In a rhombus, the height dropped from the top of the obtuse angle is 8 cm, divides the base

In a rhombus, the height dropped from the top of the obtuse angle is 8 cm, divides the base in half. find the diagonals and corners of the rhombus.

Since the height BH divides the side AD in half, it is also the median of the triangle ABD, then it is possible in an isosceles triangle AB = BD, and since all sides of the rhombus are equal, the triangle ABD is equilateral and all of its internal angles are 60. The angle BAD = 60, and since the opposite angles of the rhombus are equal, and the sum of the adjacent ones is 180, then the angle BCD = 60, the angle ABC = ADC = 180 – 60 = 120.
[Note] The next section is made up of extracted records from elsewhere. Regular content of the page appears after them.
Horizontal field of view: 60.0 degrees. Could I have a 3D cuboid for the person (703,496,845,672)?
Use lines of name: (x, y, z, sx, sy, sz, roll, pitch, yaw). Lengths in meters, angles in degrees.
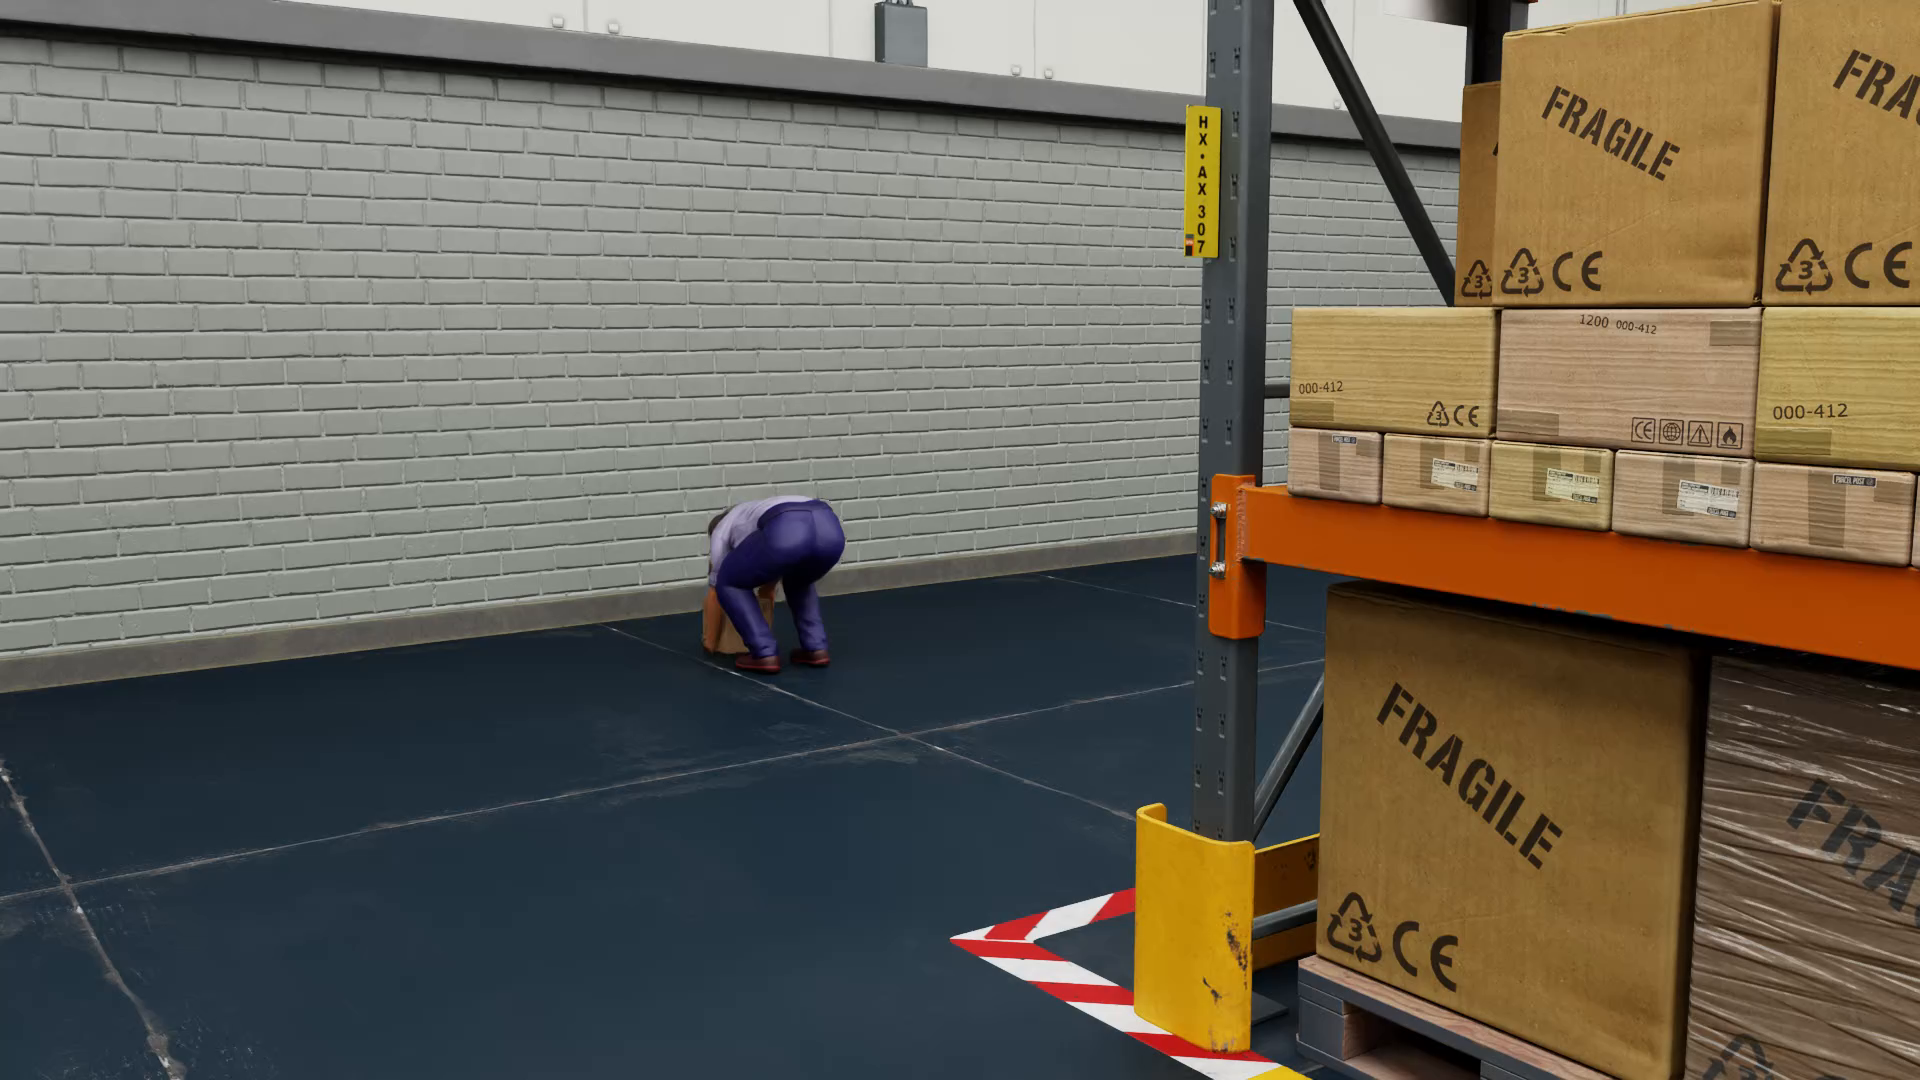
person: (-0.931, 0.186, 8.038, 0.502, 0.830, 0.900, -6, 10, -38)
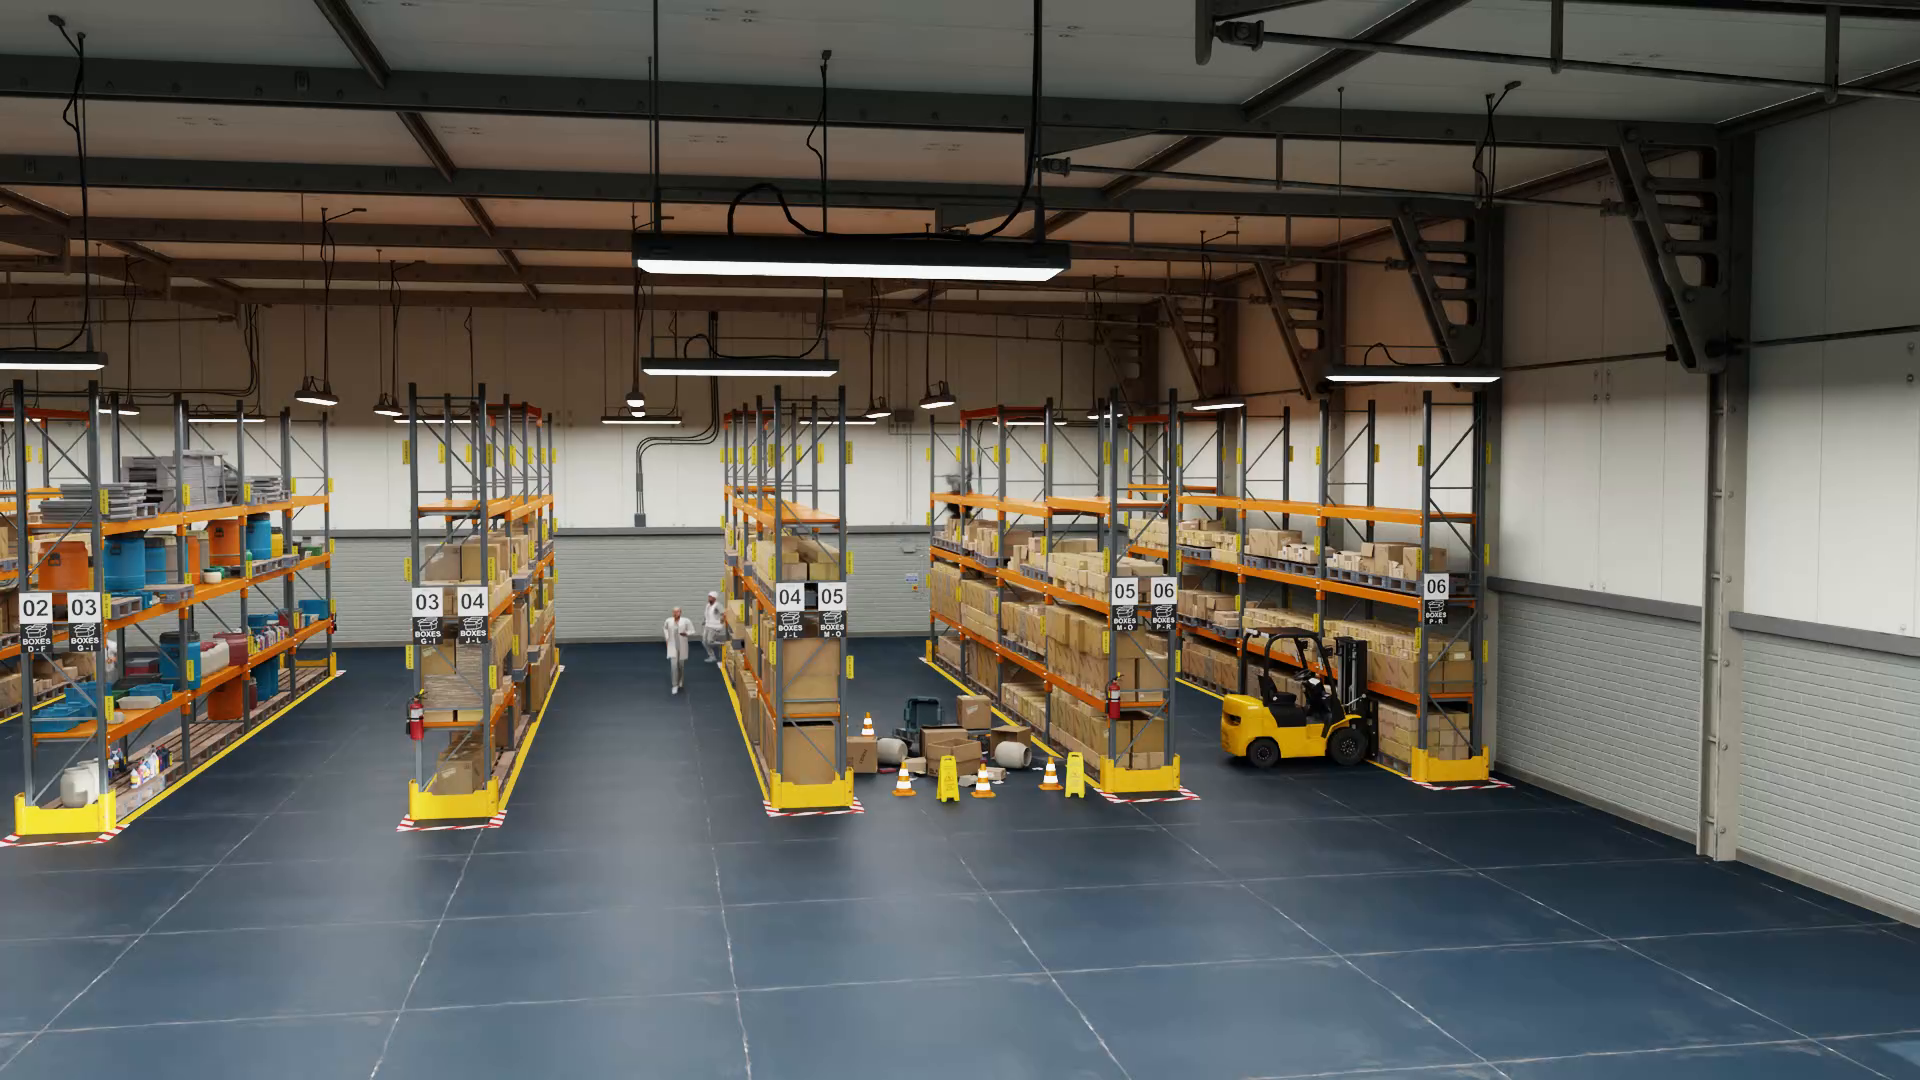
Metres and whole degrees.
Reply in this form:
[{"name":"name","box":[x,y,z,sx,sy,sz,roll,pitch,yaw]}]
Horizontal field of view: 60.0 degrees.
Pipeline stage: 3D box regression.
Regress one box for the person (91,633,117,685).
[{"name":"person","box":[-16.468,2.548,32.099,0.601,1.705,0.815,-1,3,-11]}]

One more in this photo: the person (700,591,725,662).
[{"name":"person","box":[-5.954,2.097,40.394,0.618,1.713,0.712,-3,4,-42]}]

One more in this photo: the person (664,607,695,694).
[{"name":"person","box":[-5.970,2.317,35.365,0.681,1.813,0.981,0,3,-6]}]

In a right-angled triangle, we determine the length of the hypotenuse BD.

ВD = ВН / Sin60 = 8 / √3 / 2 = 16 / √3 cm.

AB = 16 / √3 cm.

BO = BD / 2 = 8 / √3 cm.

In a right-angled triangle ABO, AO ^ 2 = AB ^ 2 – BO ^ 2 = (16 / √3) ^ 2 – (8 / √3) ^ 2 = (256 – 64) / 3 = 64.

AO = 8 cm.

Answer: The angles of the rhombus are 60, 120, the lengths of the diagonals are 8 cm and 16 / √3 cm.